When NYC was the most dangerous place
Australia's toxic ghost town is a tourist magnet
From TRAVELBOOK | March 30, 2021, 12:25 p.m.
The Australian Wittenoom is one of the deadliest places in the world - and at the same time an absolute tourist magnet. Travelers risk their lives here again and again for a photo. The story of a tragedy - and the “stupidity” of the tourists.
Would you visit a city where just breathing the air can be deadly? A place where there is evidence that around 2000 people died? And where are countless quantities of a highly toxic substance still stored today? Wittenoom in Western Australia is just that, about 1,100 kilometers north of Perth as the crow flies. Despite the danger to life and limb, many tourists seem to be fascinated by today's ghost town, as photos and videos on the web show.
The Australian government expressly warns against a visit there. According to the "BBC", politicians in connection with Wittenoom speak of the "greatest safety and health tragedy in Australia." Wittenoom is even considered to be the most poisoned place in the entire southern hemisphere. The reason: up to 1966, asbestos was mined here for almost 30 years. Celebrated at the time as a kind of miracle cure in the construction industry due to its properties, around 7,000 workers mined the coveted substance, according to the Asbestos Diseases Society of Australia.
The deadly problem: In processed form, asbestos cannot be toxic. As a raw material, as it was extracted in the two mines of Wittenoom, however, it is life-threatening. However, although doctors warned against handling the material and the potentially fatal consequences as early as 1900, according to "Deutschlandfunk", the Wittenoom mines were not closed until 1966. In fact, the use of asbestos in building materials wasn't officially banned until 1980. Trade in products containing asbestos was legal until 2004. Peter Tighe is Managing Director of the Asbestos Safety and Removal Agency of the Australian Government. According to his estimates, up to two million houses in Australia could contain asbestos, reports "Deutschlandfunk". The broadcaster also reports that by the end of 2019, around 50,000 Australians will have incurable diseases that can be traced back to asbestos. The health consequences of exposure to asbestos can even appear decades later. According to "Deutschlandfunk", around 4,000 people die each year in Australia from asbestos-related diseases - more than three times as many as from car accidents.

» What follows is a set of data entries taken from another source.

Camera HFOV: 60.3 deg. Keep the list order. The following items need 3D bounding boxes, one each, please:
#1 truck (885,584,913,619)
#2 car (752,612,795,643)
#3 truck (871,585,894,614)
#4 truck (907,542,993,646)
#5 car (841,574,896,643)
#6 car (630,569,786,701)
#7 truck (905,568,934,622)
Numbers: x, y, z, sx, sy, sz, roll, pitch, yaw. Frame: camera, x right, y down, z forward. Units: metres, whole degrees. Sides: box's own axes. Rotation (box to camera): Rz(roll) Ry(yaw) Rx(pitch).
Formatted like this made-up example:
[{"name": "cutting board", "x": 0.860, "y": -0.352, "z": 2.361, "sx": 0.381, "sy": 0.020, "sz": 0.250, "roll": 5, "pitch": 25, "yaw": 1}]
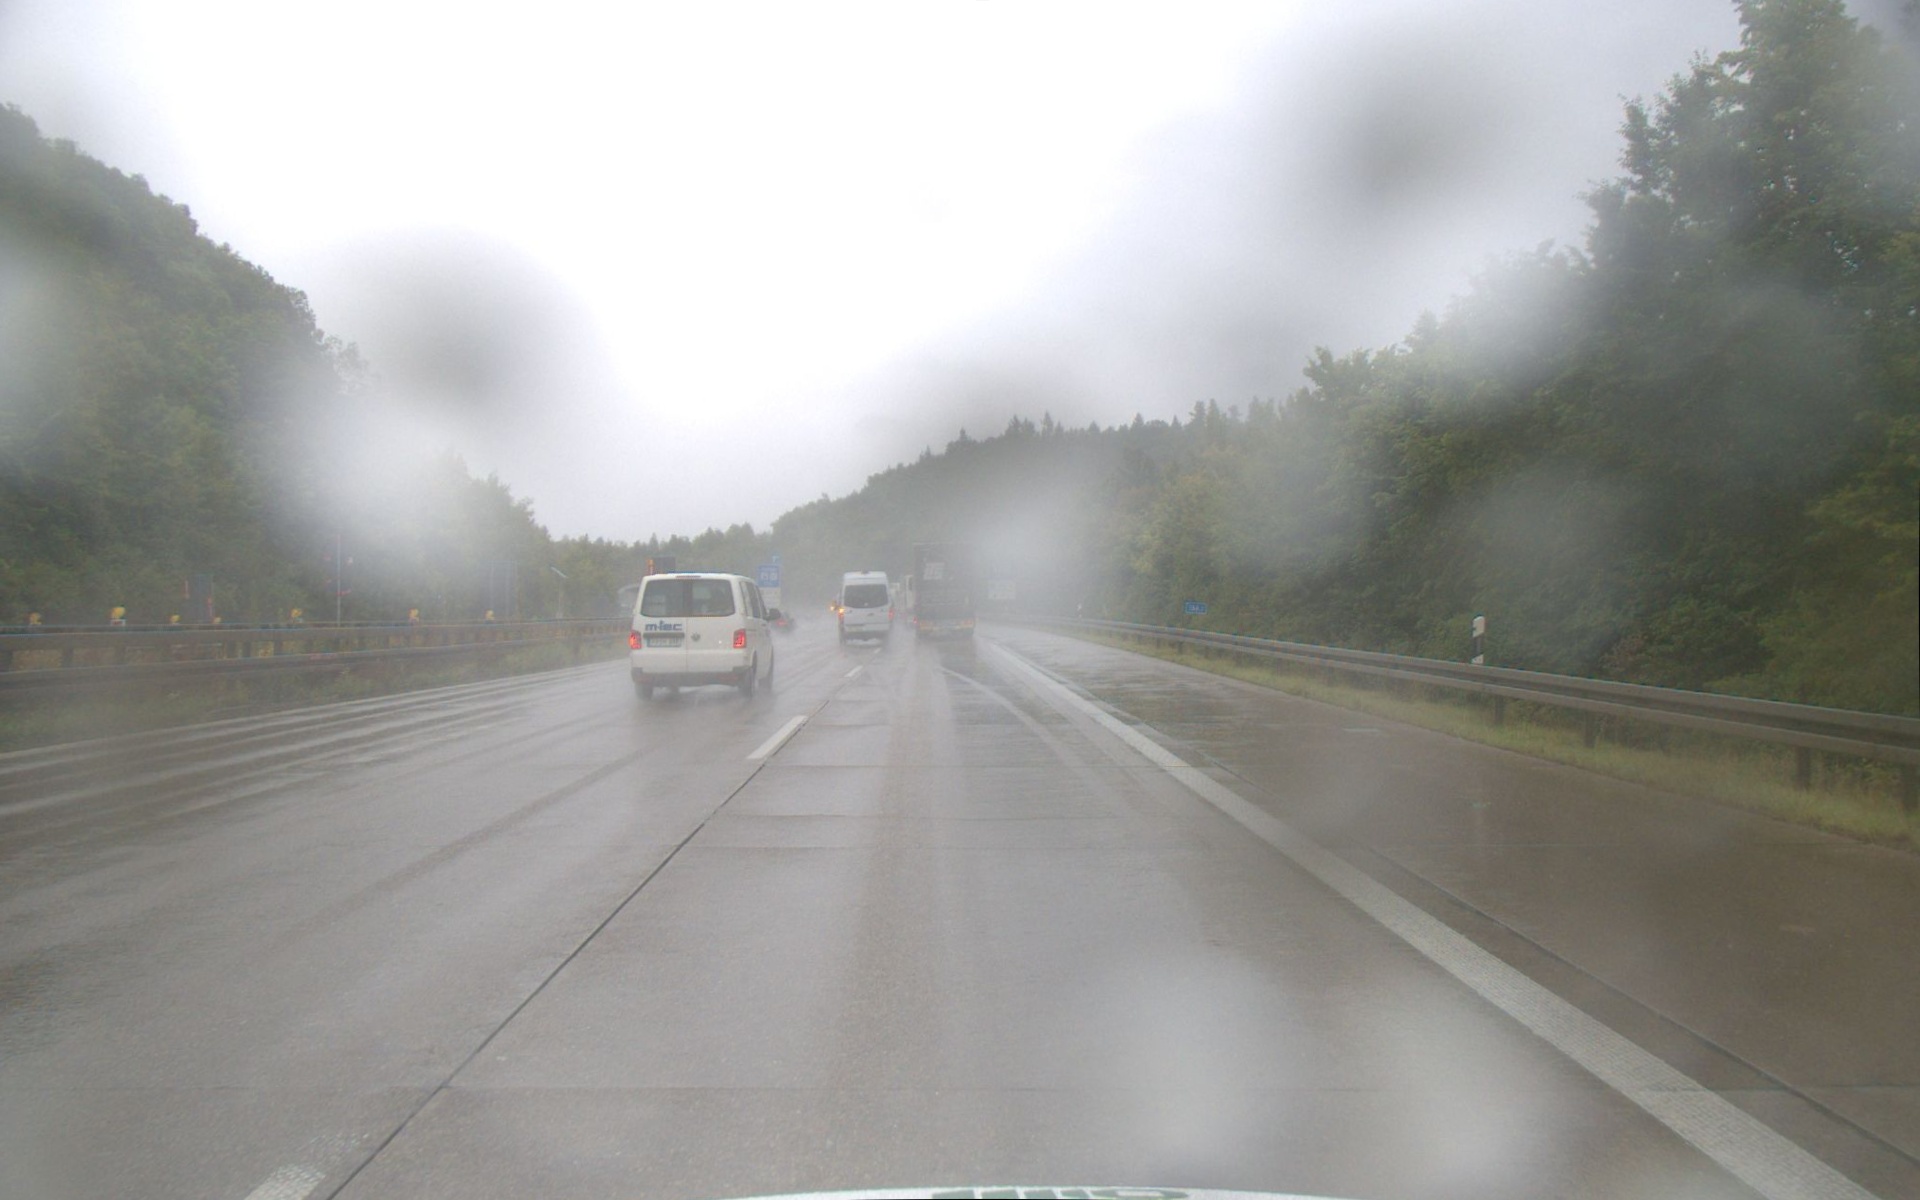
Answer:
[{"name": "truck", "x": -5.988, "y": 0.151, "z": 161.070, "sx": 1.956, "sy": 3.225, "sz": 6.721, "roll": -2, "pitch": 0, "yaw": -8}, {"name": "car", "x": -8.732, "y": 1.262, "z": 77.766, "sx": 1.706, "sy": 1.412, "sz": 4.319, "roll": -1, "pitch": 0, "yaw": -3}, {"name": "truck", "x": -9.122, "y": -0.040, "z": 193.567, "sx": 1.956, "sy": 3.225, "sz": 6.721, "roll": -2, "pitch": 0, "yaw": -8}, {"name": "truck", "x": -0.546, "y": -0.380, "z": 72.319, "sx": 3.317, "sy": 4.036, "sz": 8.664, "roll": -4, "pitch": 2, "yaw": -2}, {"name": "car", "x": -3.387, "y": 0.314, "z": 61.023, "sx": 1.862, "sy": 2.374, "sz": 5.246, "roll": 2, "pitch": 0, "yaw": -4}, {"name": "car", "x": -3.995, "y": 0.516, "z": 26.980, "sx": 1.861, "sy": 1.927, "sz": 5.041, "roll": -1, "pitch": 0, "yaw": -1}, {"name": "truck", "x": -3.009, "y": -0.369, "z": 124.679, "sx": 1.953, "sy": 3.872, "sz": 6.732, "roll": -2, "pitch": 0, "yaw": -1}]

Health versus fame on the web
In the years following the closure of the Wittenoom mines, the once 20,000 inhabitants were slowly relocated, but people still lived here in 2019 and the government is now trying to persuade them to move with compensation payments. That they stayed that long at all seems incomprehensible, because 2000 workers from Wittenoom suffered the consequences of their handling of asbestos, writes the medical organization "Asbestos Diseases Society of Australia". In 2006, the once thriving city was struck off the Australian maps, taken off the grid and officially classified as a contaminated place due to the high level of danger it poses.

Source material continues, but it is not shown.